▶ [Data for processing]
◆ ◆ ◆ ◆ ◆ ◆ ◆

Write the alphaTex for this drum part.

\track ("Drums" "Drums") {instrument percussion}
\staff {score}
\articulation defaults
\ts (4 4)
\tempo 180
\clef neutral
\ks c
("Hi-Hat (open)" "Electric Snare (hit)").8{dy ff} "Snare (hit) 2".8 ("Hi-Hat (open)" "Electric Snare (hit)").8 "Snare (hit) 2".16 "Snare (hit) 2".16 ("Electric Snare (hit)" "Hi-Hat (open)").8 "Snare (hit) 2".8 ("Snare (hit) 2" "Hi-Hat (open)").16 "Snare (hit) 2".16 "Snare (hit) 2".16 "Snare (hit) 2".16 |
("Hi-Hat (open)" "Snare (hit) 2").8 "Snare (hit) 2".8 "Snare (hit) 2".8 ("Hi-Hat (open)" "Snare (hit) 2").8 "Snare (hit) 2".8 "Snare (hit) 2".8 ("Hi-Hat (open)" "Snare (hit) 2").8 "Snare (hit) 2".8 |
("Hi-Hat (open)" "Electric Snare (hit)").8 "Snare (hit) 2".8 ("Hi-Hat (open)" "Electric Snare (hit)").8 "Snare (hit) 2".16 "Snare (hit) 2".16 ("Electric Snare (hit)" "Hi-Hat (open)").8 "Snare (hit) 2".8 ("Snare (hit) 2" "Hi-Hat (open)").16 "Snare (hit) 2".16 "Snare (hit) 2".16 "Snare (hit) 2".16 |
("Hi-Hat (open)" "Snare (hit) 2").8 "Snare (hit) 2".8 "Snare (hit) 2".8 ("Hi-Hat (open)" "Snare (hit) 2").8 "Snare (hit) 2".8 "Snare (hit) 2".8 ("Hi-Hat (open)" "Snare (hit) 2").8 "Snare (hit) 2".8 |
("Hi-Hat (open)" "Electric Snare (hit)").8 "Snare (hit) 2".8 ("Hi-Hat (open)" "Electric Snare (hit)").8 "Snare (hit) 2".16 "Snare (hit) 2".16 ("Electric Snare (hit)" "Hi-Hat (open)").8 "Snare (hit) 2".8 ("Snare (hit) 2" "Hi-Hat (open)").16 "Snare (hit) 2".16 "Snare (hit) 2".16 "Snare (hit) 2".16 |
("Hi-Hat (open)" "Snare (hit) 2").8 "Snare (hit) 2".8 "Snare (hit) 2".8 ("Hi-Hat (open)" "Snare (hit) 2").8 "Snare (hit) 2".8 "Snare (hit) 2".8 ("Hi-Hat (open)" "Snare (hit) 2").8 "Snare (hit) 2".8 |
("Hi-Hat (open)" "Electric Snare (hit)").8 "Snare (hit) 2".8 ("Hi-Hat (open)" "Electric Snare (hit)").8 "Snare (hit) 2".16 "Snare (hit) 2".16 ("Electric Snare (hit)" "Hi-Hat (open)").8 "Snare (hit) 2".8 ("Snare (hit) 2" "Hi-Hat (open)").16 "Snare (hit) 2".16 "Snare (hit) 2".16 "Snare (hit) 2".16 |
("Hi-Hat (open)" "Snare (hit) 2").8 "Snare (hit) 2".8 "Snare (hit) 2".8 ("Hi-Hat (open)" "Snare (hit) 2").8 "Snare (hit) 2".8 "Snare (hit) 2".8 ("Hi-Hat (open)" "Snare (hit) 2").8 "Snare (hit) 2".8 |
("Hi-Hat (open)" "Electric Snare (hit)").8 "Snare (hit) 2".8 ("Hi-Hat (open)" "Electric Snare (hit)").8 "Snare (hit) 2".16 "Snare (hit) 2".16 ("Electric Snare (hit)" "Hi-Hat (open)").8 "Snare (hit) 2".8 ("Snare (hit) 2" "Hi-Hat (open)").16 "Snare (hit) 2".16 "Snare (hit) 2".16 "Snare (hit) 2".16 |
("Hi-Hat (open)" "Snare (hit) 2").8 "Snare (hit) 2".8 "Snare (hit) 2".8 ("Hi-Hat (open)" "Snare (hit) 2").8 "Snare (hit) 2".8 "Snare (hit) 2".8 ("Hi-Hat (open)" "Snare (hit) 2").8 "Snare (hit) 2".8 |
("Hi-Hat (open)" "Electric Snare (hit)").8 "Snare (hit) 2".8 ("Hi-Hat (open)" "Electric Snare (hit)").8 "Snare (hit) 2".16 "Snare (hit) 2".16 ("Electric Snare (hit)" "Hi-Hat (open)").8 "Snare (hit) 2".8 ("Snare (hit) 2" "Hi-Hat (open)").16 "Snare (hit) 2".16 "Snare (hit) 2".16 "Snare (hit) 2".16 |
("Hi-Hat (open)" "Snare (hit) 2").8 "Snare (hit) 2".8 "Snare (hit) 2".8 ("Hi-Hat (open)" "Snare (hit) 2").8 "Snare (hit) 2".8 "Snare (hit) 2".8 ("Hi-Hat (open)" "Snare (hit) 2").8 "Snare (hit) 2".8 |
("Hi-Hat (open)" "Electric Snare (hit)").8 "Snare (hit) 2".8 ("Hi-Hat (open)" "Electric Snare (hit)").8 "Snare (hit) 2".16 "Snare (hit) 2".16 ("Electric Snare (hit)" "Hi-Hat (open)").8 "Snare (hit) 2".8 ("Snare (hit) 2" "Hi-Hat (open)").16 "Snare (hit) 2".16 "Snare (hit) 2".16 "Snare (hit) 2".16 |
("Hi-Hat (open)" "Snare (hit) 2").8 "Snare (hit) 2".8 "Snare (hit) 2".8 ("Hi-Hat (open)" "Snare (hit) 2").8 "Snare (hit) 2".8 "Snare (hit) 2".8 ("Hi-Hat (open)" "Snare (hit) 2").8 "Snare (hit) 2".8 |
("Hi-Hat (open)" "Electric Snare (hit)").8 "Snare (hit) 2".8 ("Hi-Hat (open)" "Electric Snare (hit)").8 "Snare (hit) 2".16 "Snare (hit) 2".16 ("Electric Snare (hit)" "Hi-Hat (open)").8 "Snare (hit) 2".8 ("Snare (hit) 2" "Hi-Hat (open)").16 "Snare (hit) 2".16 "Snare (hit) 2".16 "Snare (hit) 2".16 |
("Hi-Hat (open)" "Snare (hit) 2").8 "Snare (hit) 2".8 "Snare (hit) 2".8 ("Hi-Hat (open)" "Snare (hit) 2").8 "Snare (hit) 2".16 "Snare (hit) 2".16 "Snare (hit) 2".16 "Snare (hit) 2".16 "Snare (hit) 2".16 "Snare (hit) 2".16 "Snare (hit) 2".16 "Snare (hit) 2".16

◆ ◆ ◆ ◆ ◆ ◆ ◆

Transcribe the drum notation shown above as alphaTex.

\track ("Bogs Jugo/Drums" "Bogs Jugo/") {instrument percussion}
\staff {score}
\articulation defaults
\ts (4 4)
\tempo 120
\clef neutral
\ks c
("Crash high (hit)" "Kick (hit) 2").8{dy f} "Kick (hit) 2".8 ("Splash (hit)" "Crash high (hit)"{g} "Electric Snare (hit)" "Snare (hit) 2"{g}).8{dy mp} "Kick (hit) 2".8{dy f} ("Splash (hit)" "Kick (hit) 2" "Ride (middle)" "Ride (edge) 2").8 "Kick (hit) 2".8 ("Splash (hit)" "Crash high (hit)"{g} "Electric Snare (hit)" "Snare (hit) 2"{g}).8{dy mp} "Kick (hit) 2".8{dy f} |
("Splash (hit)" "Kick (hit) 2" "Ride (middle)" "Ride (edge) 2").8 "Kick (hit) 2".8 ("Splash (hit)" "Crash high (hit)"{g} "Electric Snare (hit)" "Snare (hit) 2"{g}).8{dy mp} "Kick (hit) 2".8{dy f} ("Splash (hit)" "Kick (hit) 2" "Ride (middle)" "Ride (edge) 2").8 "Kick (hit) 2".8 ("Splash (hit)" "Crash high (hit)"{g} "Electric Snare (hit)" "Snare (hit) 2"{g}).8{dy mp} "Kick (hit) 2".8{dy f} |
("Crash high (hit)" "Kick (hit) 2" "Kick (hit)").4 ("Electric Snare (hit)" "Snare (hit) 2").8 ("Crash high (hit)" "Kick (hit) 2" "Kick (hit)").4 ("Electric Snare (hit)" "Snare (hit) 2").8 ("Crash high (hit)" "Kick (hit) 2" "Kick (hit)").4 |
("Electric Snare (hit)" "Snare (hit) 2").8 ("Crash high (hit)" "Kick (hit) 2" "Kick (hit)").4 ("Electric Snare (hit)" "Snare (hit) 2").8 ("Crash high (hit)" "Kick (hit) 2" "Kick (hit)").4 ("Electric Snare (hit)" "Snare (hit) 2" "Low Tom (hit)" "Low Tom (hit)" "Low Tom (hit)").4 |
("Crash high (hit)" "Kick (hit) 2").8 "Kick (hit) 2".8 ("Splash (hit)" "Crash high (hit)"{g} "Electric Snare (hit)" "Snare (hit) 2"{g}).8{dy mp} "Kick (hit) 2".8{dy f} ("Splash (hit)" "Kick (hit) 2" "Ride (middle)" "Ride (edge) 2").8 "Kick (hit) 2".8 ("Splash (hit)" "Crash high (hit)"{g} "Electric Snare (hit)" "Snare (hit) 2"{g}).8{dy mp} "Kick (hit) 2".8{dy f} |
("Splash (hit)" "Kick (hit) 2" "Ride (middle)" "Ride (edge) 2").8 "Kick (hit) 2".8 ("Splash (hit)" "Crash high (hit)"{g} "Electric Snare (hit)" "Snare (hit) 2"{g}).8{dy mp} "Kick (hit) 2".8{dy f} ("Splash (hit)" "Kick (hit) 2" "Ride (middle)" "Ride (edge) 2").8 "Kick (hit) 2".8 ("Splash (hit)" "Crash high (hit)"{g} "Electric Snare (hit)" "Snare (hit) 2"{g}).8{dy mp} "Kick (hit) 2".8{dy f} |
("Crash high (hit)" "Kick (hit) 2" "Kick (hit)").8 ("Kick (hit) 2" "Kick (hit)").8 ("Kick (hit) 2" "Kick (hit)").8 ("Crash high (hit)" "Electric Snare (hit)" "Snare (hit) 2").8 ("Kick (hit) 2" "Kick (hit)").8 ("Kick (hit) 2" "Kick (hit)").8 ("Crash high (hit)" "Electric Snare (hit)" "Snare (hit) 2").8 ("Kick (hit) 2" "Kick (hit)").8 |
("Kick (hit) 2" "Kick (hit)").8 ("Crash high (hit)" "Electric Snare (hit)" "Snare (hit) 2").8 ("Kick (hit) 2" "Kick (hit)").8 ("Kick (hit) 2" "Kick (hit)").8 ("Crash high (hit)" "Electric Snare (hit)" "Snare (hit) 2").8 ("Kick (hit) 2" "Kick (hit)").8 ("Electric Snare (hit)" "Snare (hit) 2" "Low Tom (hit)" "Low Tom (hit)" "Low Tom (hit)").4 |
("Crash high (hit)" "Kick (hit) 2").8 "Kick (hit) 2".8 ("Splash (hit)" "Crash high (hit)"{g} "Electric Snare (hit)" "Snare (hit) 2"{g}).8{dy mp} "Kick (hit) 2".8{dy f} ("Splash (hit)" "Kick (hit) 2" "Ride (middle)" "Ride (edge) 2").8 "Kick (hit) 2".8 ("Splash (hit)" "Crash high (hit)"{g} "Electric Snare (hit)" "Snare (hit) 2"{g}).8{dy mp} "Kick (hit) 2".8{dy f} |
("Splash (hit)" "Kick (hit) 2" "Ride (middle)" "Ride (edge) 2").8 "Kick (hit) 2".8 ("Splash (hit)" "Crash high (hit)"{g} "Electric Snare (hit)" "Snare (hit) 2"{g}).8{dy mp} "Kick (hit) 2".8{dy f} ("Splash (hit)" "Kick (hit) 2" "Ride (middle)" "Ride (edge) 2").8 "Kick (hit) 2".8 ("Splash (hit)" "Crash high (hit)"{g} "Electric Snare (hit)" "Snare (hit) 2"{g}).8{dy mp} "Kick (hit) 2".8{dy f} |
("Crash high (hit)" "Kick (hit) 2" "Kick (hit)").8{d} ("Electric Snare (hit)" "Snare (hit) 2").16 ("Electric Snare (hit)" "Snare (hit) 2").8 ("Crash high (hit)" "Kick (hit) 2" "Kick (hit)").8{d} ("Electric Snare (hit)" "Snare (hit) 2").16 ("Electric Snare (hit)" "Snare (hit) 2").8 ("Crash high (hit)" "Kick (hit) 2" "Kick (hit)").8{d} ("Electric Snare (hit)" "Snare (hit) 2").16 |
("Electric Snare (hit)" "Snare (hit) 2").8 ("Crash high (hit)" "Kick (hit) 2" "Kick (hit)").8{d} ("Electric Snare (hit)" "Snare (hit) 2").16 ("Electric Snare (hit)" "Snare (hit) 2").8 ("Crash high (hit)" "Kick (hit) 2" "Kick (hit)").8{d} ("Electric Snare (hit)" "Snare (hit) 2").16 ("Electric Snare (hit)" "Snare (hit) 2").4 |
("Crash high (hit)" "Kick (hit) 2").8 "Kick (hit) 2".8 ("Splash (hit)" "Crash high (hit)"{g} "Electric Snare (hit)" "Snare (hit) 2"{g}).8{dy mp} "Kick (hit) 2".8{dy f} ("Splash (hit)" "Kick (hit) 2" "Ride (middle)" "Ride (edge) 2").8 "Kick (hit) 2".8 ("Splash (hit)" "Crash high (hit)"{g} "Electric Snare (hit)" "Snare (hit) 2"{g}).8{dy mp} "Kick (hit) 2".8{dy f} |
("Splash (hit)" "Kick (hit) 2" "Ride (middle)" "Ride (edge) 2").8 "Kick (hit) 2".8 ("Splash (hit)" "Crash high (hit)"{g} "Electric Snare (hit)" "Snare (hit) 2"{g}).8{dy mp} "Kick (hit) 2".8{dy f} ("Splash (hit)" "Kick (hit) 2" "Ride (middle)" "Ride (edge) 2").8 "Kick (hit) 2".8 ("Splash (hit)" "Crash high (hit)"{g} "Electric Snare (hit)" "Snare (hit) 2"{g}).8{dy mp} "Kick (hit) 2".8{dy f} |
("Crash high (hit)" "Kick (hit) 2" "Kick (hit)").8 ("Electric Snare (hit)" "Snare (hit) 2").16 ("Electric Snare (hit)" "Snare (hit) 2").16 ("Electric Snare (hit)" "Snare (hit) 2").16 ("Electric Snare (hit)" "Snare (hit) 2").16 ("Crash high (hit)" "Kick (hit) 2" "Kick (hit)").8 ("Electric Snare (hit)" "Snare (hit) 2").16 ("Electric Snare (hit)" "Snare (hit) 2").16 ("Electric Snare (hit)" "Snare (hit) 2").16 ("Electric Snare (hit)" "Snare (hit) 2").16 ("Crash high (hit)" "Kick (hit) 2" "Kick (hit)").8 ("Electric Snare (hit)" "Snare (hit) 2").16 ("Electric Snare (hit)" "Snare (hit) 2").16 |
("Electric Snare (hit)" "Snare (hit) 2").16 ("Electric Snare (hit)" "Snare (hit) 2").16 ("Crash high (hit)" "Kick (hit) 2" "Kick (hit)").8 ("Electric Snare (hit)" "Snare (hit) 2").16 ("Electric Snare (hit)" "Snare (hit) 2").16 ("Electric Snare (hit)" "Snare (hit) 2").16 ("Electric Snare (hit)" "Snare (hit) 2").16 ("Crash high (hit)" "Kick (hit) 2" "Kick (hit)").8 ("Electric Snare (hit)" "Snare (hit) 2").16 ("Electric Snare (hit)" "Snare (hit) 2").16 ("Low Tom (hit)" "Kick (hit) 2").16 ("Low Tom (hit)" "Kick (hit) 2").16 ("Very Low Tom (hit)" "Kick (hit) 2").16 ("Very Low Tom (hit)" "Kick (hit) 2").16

◆ ◆ ◆ ◆ ◆ ◆ ◆

▶ [Problem to work on] In the entries above, which lines hold the word "alphaTex"? Copy them out.

▶ [Problem solution]
Write the alphaTex for this drum part.
Transcribe the drum notation shown above as alphaTex.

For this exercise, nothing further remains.